» **PROBLEM DETAILS**
From the line below that contains "Keep the same format for the candy" to the line that contains "Keep the same format for the toy bus", repeat every line exactly, both ends included, and nothing else.

Data items:
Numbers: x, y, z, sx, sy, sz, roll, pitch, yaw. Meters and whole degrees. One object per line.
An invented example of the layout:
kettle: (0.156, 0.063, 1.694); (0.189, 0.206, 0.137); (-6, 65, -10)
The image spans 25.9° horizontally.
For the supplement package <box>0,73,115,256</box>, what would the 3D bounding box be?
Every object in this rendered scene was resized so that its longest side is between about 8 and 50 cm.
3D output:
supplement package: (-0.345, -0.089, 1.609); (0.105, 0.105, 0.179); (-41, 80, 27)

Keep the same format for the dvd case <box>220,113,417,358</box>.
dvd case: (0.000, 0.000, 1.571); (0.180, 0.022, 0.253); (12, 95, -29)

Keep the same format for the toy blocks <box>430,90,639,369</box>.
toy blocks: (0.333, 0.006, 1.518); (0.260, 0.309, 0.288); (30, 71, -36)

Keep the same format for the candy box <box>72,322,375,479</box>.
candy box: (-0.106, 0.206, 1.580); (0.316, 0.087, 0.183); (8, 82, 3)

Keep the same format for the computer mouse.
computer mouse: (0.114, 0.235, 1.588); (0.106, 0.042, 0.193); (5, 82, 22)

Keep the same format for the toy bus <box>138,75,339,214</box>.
---
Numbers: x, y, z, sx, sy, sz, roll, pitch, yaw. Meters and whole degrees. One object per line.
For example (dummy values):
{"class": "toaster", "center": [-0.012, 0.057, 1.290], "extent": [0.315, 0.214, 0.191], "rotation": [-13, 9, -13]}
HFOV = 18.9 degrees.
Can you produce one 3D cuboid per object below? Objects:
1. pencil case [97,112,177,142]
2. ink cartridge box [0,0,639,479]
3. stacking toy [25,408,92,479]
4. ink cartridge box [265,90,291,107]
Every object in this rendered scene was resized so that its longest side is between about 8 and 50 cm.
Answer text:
---
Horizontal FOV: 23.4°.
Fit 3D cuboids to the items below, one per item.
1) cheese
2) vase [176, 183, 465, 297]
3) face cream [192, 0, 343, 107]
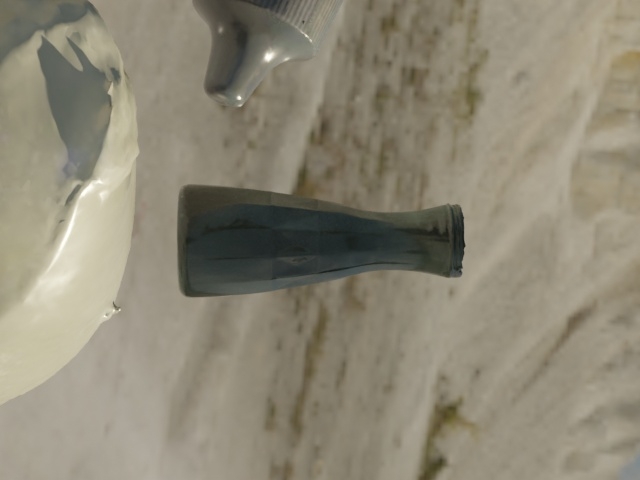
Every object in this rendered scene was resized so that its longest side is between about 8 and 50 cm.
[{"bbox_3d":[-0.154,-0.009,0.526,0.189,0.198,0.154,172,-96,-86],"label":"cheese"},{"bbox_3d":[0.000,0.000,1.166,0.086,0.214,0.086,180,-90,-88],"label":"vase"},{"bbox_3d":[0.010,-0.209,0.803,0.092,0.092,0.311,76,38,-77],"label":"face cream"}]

» **WORKED SOLUTION**
Keep the same format for the candy box <box>72,322,375,479</box>.
candy box: (-0.106, 0.206, 1.580); (0.316, 0.087, 0.183); (8, 82, 3)

Keep the same format for the computer mouse.
computer mouse: (0.114, 0.235, 1.588); (0.106, 0.042, 0.193); (5, 82, 22)

Keep the same format for the toy bus <box>138,75,339,214</box>.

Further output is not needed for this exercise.